MARTIN LANGE: Synthesis of Recursive Programs
Slides
Abstract: Temporal logics are widely used in the specification and verification of reactive and concurrent systems for the purpose of building correct systems. Verification through model checking for instance is used to prove that a system, constructed in a possibly faulty way, satisfies a formal specification. Synthesis aims at eliminating errors in the construction phase already: a system (model) should automatically be derived from the formal specification such that satisfaction is guaranteed. Synthesis is therefore closely related to a logic's satisfiability problem: apart from deciding whether a formula has a model, such a model should also be returned.

In this talk we will present a generic game-theoretic approach to the satisfiability problems for various temporal logics. Typical known logics that can be embedded into MSO have the finite model property though, i.e. synthesis for these logics is restricted to finite models only. In order to create the theoretical foundations for synthesis of infinite-state systems like recursive programs for instance it is necessary to consider temporal logics beyond MSO that do not have the finite model property. There is only a narrow gap between the finite model property on one side and undecidability on the other. A family of temporal specification languages in this corridor - therefore suitable for such synthesis purposes - is obtained by enriching classical temporal logics with visibly pushdown languages.

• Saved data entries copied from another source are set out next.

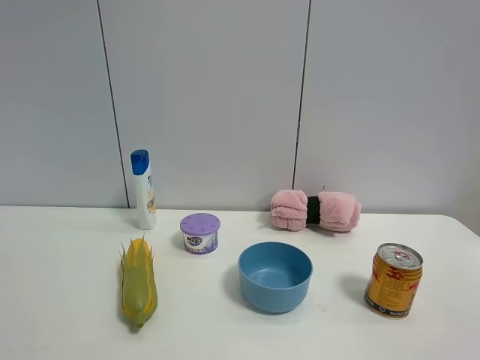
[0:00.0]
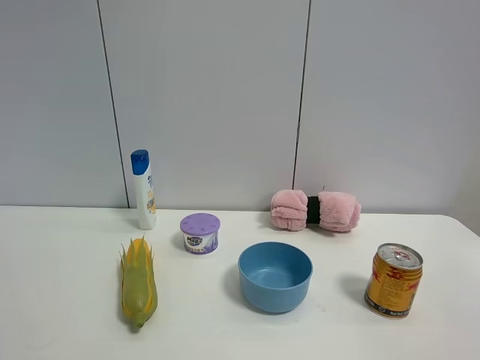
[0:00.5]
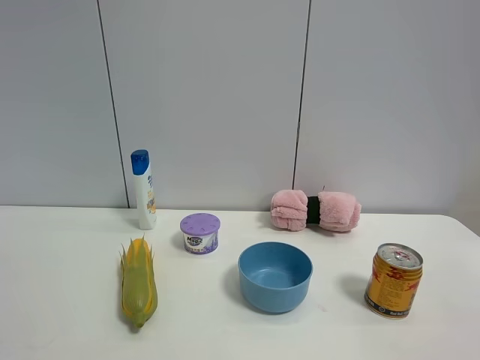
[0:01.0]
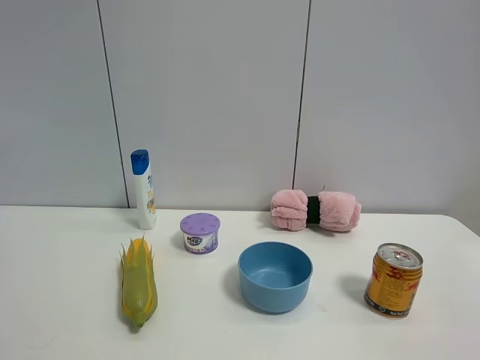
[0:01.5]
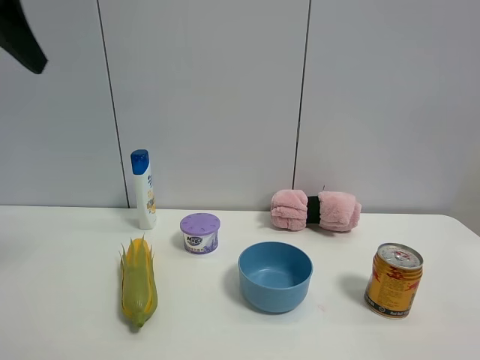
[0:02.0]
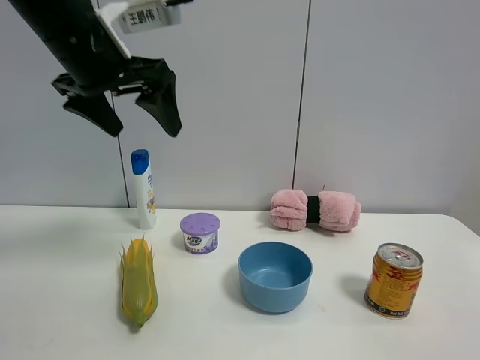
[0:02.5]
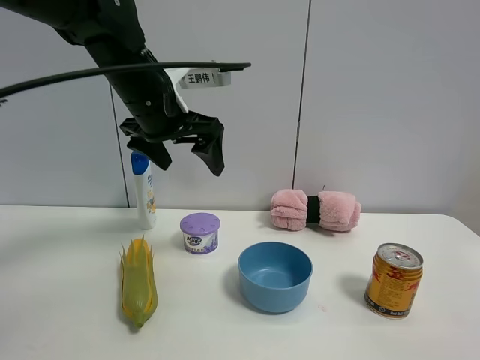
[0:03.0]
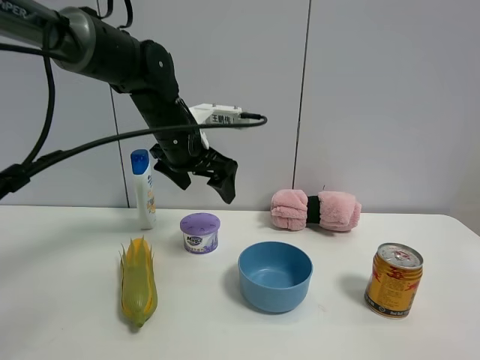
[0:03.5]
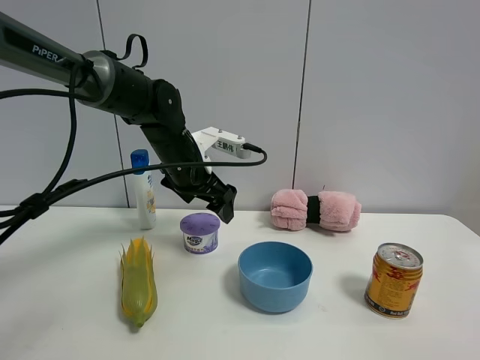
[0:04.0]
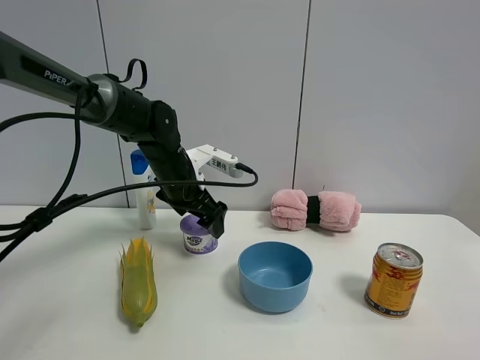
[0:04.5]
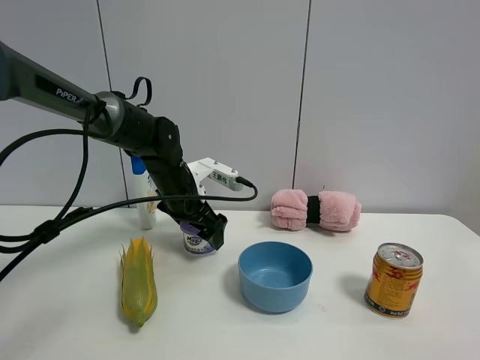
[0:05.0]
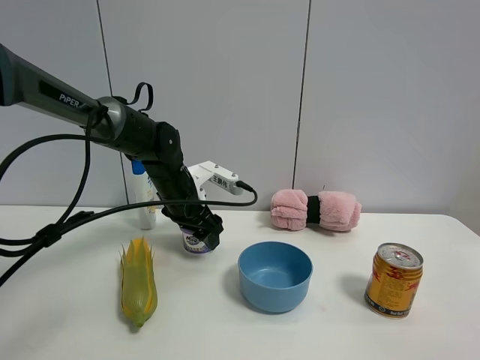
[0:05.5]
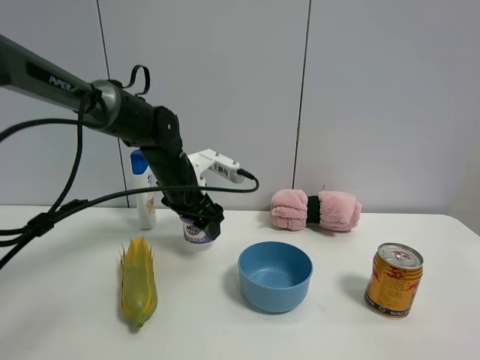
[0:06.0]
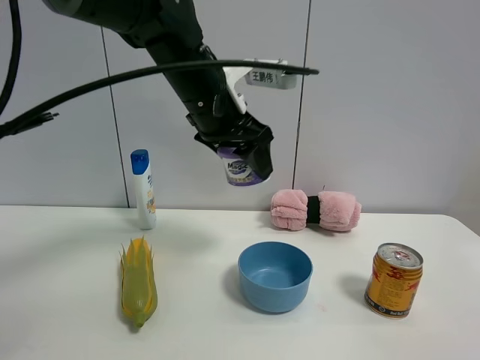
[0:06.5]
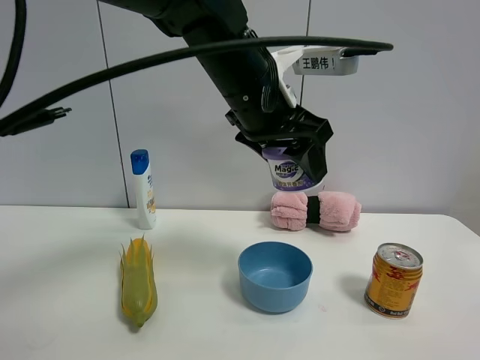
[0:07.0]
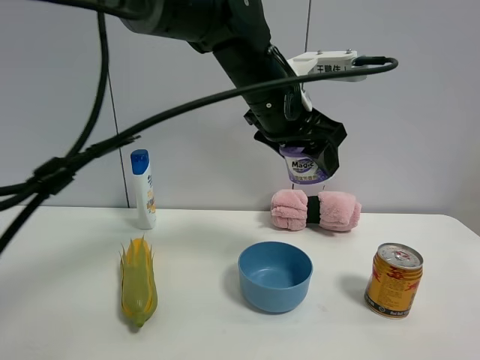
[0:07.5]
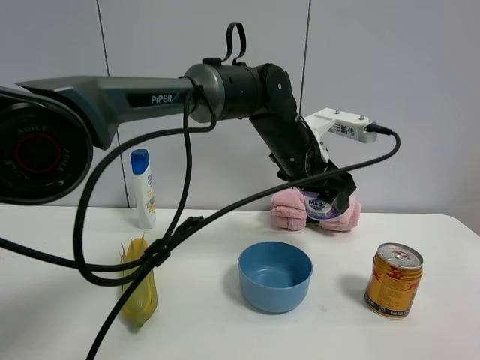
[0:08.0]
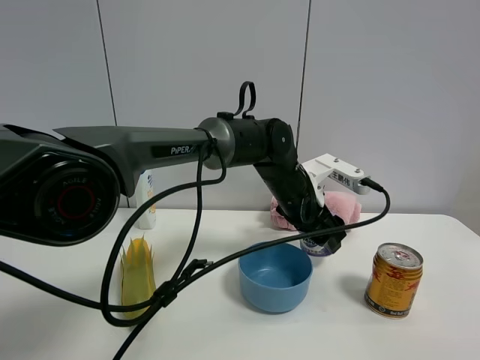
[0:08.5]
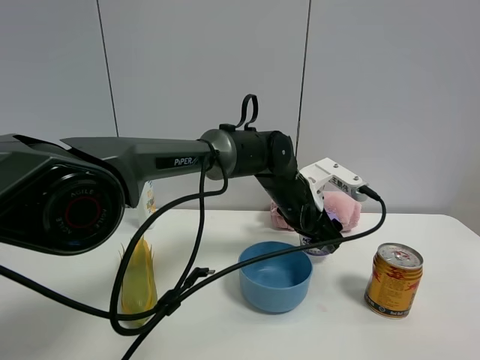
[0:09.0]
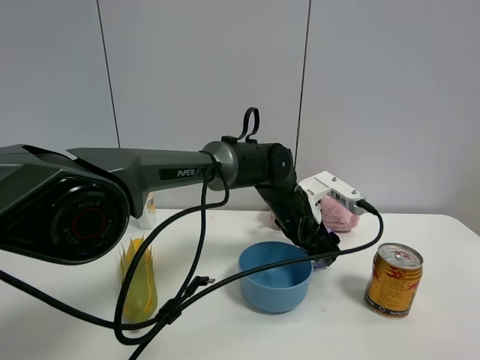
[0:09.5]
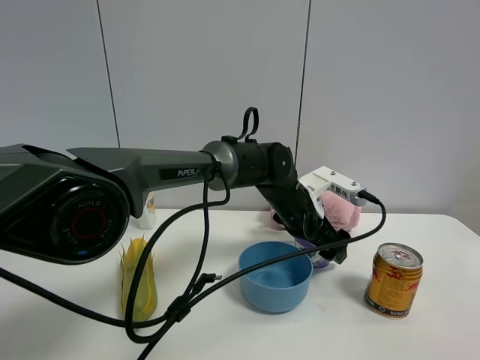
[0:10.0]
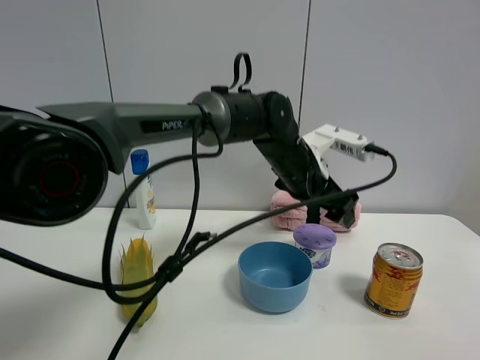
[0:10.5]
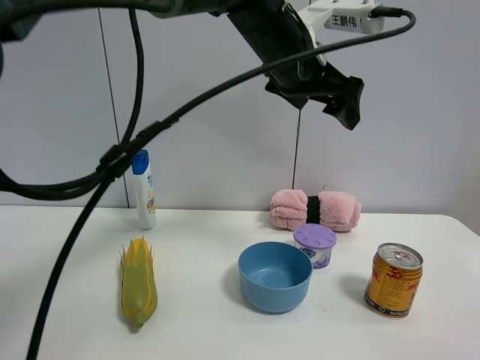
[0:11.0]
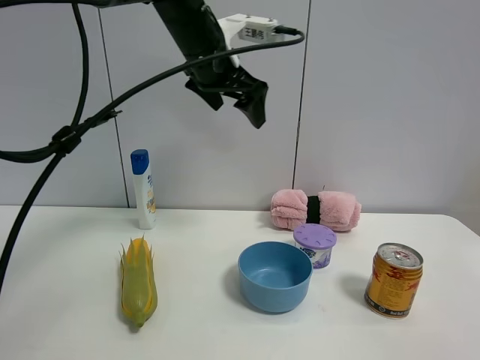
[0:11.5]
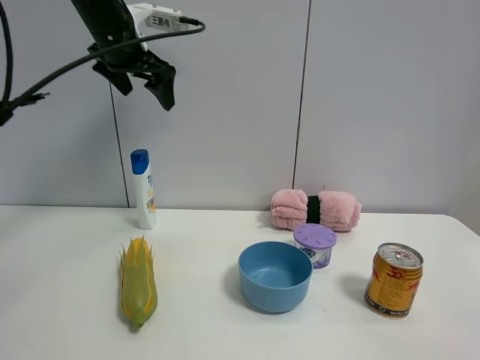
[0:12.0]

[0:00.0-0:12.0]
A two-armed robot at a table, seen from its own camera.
Task of the whole recording: the gripper move the object.
Step, 0:00.0 to 0:05.5: Grasp the Incense box with the left gripper.
Step, 0:06.0 to 0:10.5: Place the Incense box on the table with the left gripper.
0:00.0 to 0:02.0: The left gripper goes roughly 30 cm forward and upward.
0:02.0 to 0:04.0: The left gripper heads downward, forward and to the right, covering approximately 35 cm.
0:04.0 to 0:06.0: The left gripper closes up.
0:06.0 to 0:08.0: The left gripper moves to the right, some 15 cm.
0:08.0 to 0:10.0: The left gripper is displaced downward by approximately 10 cm, and opens.
0:10.0 to 0:12.0: The left gripper is displaced to the left and upward by approximately 40 cm.

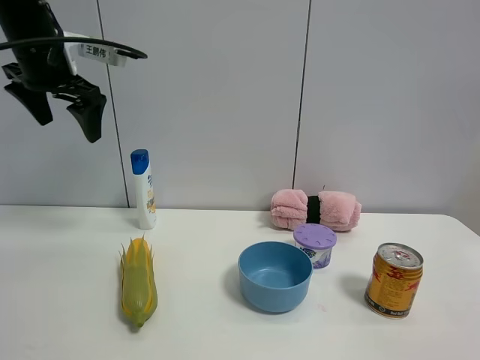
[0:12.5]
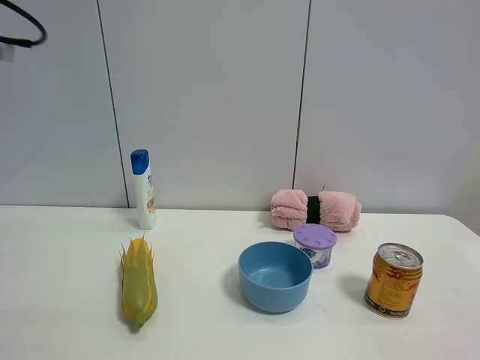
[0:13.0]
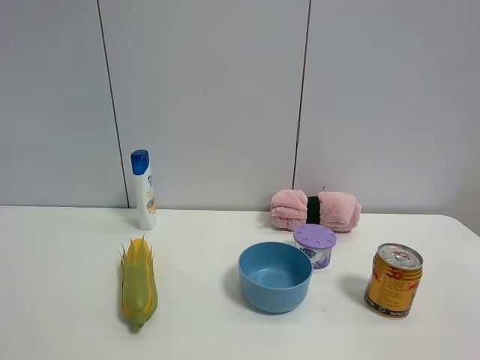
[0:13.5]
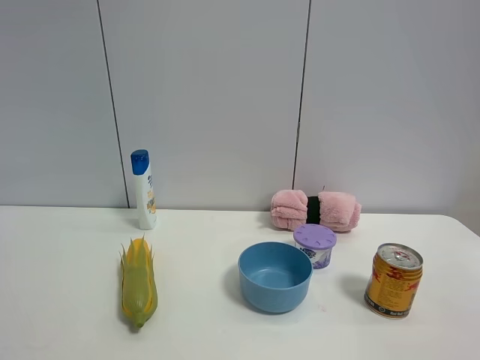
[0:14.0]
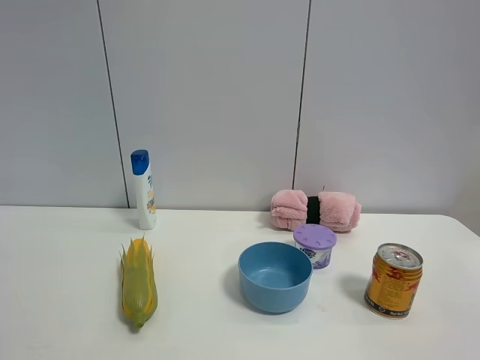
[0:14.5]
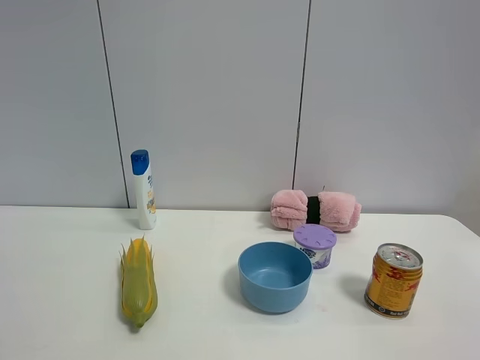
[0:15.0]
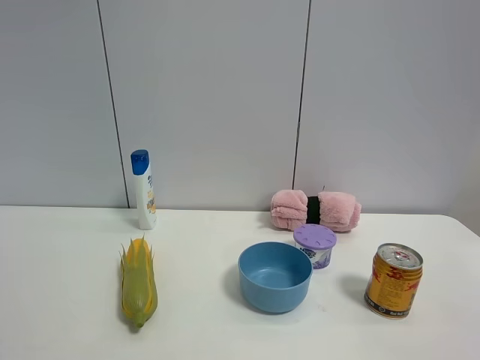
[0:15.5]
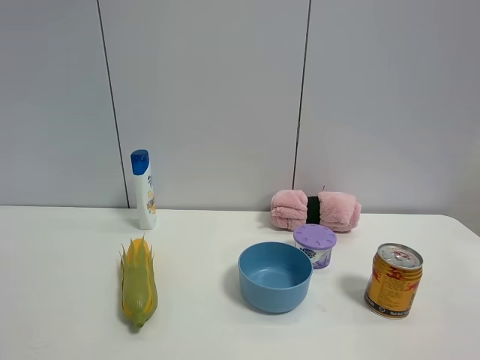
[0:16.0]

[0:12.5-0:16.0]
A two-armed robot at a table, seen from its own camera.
Task of the whole recording: the gripper move the object.
0:12.5 to 0:14.5: The left gripper shifts roughly 40 cm backward.

RICHARD MAYR: Infinite-State Probabilistic Systems
Slides
Abstract: The topic of this lecture are Markov chains, Markov decision processes and stochastic games with infinite state spaces. For example, pushdown automata model unbounded recursion, and their probabilistic extension induces infinite-state recursive Markov chains. By adding one or two strategic players, one obtains recursive Markov decision processes and stochastic games, respectively. By restricting the stack alphabet to just one symbol (plus a bottom symbol), one obtains probabilistic one-counter machines, arguably the simplest class of infinite-state probabilistic systems. Another class are probabilistic lossy channel systems that model message passing communication via unboundedly buffered but unreliable communication channels. We give an overview over techniques for analyzing such systems and show how to verify several qualitative and quantitative properties.

THOMAS WILKE: Prophetic Automata
Abstract: Prophetic automata are reverse deterministic Büchi-automata, so special automata on infinite words. The talk covers the transformation of Büchi automata into prophetic automata, classfication of fragments of temporal logic using prophetic automata, and related topics.